Between the line containing "- container <box>63,136,305,338</box>" and the line containing "(roll, pitch, yaw))" lies a run of lines; give that run again exactly, with both of those lines, and nothing else from the entries below.

_ _ _ _ _ _ _

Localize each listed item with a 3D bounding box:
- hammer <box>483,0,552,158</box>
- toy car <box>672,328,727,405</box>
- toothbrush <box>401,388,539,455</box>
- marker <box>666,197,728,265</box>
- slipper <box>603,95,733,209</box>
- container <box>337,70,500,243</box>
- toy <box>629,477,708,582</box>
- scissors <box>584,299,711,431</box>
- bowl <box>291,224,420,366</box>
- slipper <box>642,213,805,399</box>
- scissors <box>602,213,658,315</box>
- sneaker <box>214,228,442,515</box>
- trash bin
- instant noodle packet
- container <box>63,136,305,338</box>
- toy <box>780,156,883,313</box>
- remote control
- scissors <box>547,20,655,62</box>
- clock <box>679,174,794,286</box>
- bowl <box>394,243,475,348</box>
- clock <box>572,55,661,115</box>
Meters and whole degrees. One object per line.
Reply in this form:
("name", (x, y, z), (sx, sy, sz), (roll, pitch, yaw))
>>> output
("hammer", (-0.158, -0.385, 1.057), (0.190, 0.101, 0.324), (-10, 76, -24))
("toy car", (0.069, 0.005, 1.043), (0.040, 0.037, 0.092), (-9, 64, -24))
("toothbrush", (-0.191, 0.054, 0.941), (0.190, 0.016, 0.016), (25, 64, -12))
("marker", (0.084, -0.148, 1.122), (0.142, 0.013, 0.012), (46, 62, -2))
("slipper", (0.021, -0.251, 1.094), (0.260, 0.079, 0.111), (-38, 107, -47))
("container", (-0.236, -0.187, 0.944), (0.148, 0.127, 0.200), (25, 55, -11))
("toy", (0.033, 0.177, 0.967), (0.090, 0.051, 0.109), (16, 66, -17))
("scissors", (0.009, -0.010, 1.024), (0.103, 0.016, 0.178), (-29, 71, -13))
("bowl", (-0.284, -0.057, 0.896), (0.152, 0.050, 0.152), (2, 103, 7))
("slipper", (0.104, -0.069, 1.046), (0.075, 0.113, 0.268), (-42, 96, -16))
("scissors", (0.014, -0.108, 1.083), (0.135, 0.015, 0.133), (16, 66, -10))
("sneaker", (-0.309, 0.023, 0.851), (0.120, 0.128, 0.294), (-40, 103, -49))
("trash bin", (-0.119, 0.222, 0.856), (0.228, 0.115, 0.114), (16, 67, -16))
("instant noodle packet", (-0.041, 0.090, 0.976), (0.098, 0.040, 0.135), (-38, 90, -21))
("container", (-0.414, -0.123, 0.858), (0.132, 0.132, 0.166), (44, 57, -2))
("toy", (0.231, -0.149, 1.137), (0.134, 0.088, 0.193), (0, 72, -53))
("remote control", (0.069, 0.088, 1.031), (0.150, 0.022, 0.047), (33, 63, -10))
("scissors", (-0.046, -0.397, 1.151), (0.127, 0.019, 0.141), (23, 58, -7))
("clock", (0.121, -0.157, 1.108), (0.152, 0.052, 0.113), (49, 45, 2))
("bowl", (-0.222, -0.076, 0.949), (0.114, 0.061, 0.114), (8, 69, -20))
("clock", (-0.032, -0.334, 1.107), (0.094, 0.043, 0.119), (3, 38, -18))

_ _ _ _ _ _ _

**RESULT**
- container <box>63,136,305,338</box>
- toy <box>780,156,883,313</box>
- remote control
- scissors <box>547,20,655,62</box>
- clock <box>679,174,794,286</box>
- bowl <box>394,243,475,348</box>
- clock <box>572,55,661,115</box>
Meters and whole degrees. One object per line.
Reply in this form:
("name", (x, y, z), (sx, sy, sz), (roll, pitch, yaw))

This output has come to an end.